Le 03/08/2022 à 18:29, Jorge Cardoso Leitão a écrit :
Hi Antoine,
Thanks a lot for your answer.
So, if I understand (I may have not), we do not impose restrictions to the
alignment of the data when we get the pointer; only when we read from it.
Doesn't this require checking for alignment at runtime?
Only if you do things that are alignment-sensitive.

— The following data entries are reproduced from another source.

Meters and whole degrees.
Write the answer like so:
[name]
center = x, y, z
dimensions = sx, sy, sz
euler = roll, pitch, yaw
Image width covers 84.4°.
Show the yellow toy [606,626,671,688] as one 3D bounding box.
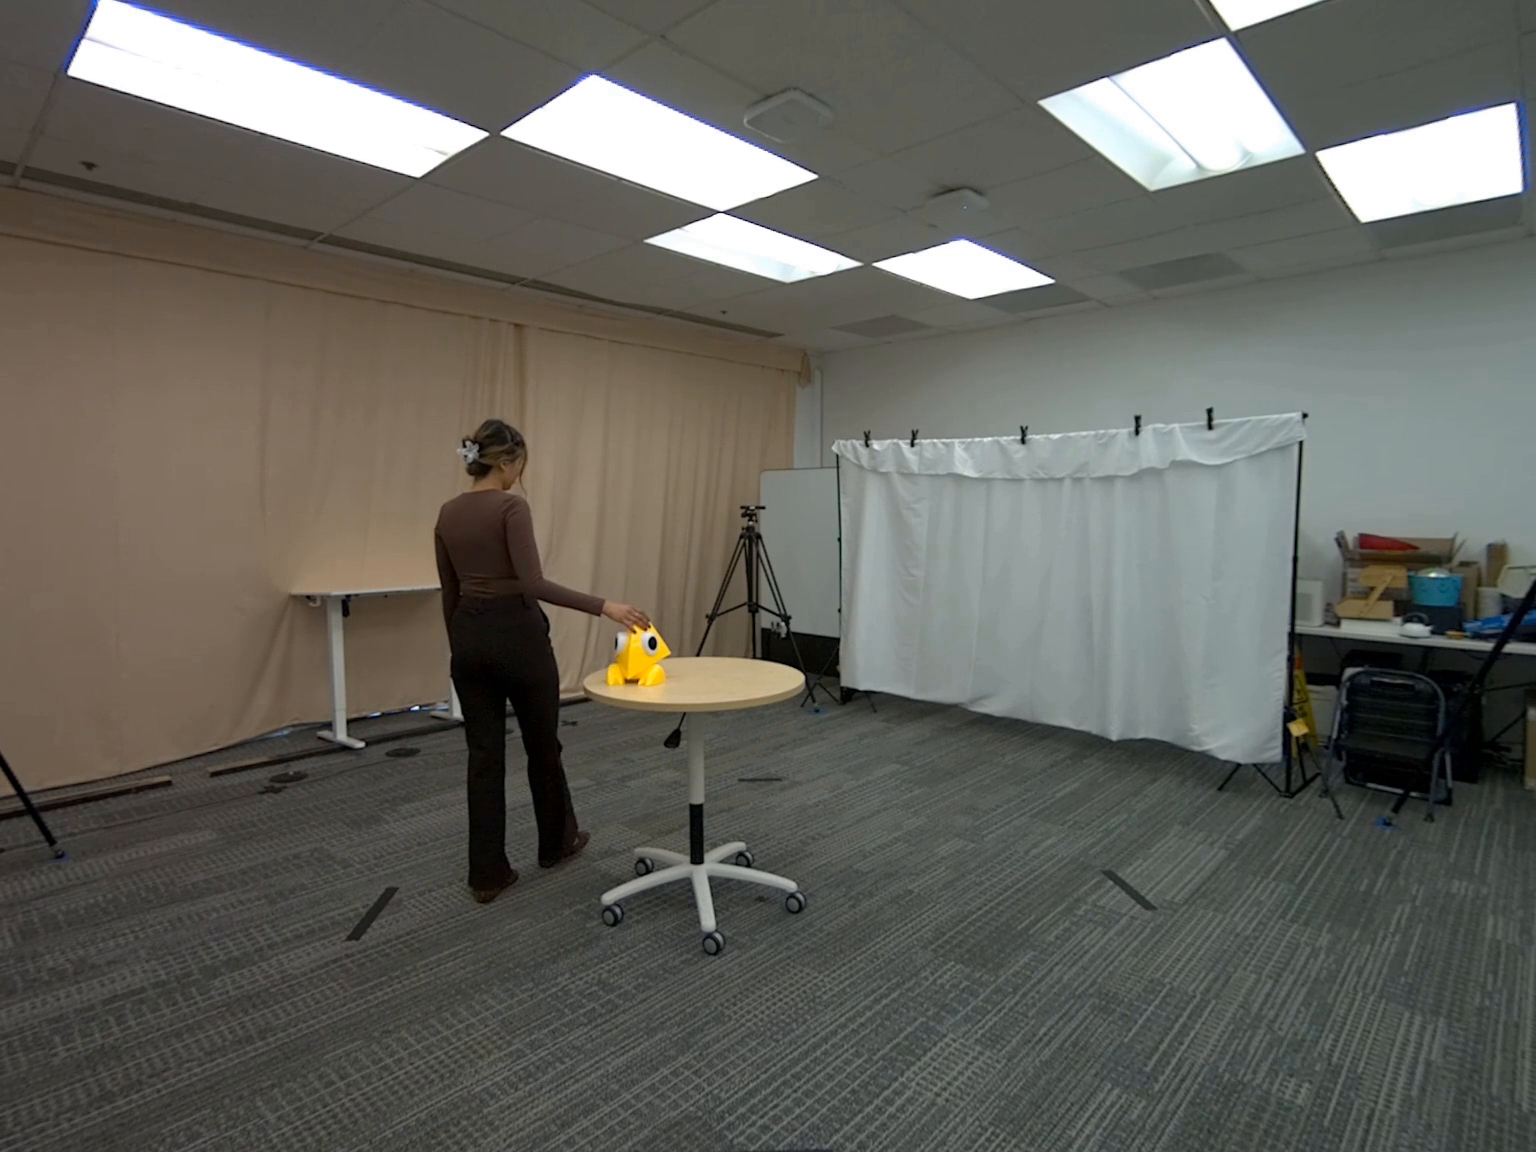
[yellow toy]
center = -0.451, 0.246, 2.887
dimensions = 0.207, 0.230, 0.191
euler = 0, 3, 9

That said, while it is formally allowed AFAIK, it probably occurs rarely
so potential issues (if any) are probably not surfaced.
Best regards
Antoine.
Best,
Jorge
On Tue, Aug 2, 2022 at 6:59 PM Antoine Pitrou <anto...@python.org> wrote:
Hi Jorge,
So there are two aspects to the answer:
- ideally, the C++ implementation also works on non-aligned data (though
this is poorly tested, if any)
- when mmap'ing a file, you should get a page-aligned address
As for int128 and int256, these usually don't exist at the hardware
level anyway, so implementing those reads as a combination of 64-bit
reads shouldn't hurt performance-wise.
More generally, I don't know about Rust but in C++ unaligned access
would be made UB-safe by using the memcpy trick, which is correctly
optimized by production compilers:
https://github.com/apache/arrow/blob/master/cpp/src/arrow/util/ubsan.h#L55-L69
Regards
Antoine.
Le 01/08/2022 à 18:55, Jorge Cardoso Leitão a écrit :
Hi,
I am trying to follow the C++ implementation with respect to mmap IPC
files
and reading them zero-copy, in the context of reproducing it in Rust.
My understanding from reading the source code is that we essentially:
* identify the memory regions (offset and length) of each of the buffers,
via IPC's flatbuffer "Node".
* cast the uint8 pointer to the corresponding type based on the datatype
(e.g. f32 for float32)
I am struggling to understand how we ensure that the pointer is aligned
[2,3] to the type (e.g. f32) so that the uint8 pointer can be safely
casted
to it.
In other words, I would expect mmap to work when:
* the files' bit padding is 64 bits
* the target type is <= 64 bits
However,
* we have types with more than 64 bits (int128 and int256)
* a file can be 8-bit aligned
The background is that Rust requires pointers to be aligned to the type
for
safe casting (it is UB to read unaligned pointers), and the above
naturally
poses a challenge when reading i128, i256 and 8-bit padded files.
Best,
Jorge
[1] https://github.com/apache/arrow/blob/master/cpp/src/arrow/io/file.cc
[2] https://en.wikipedia.org/wiki/Data_structure_alignment
[3] https://stackoverflow.com/a/4322950/931303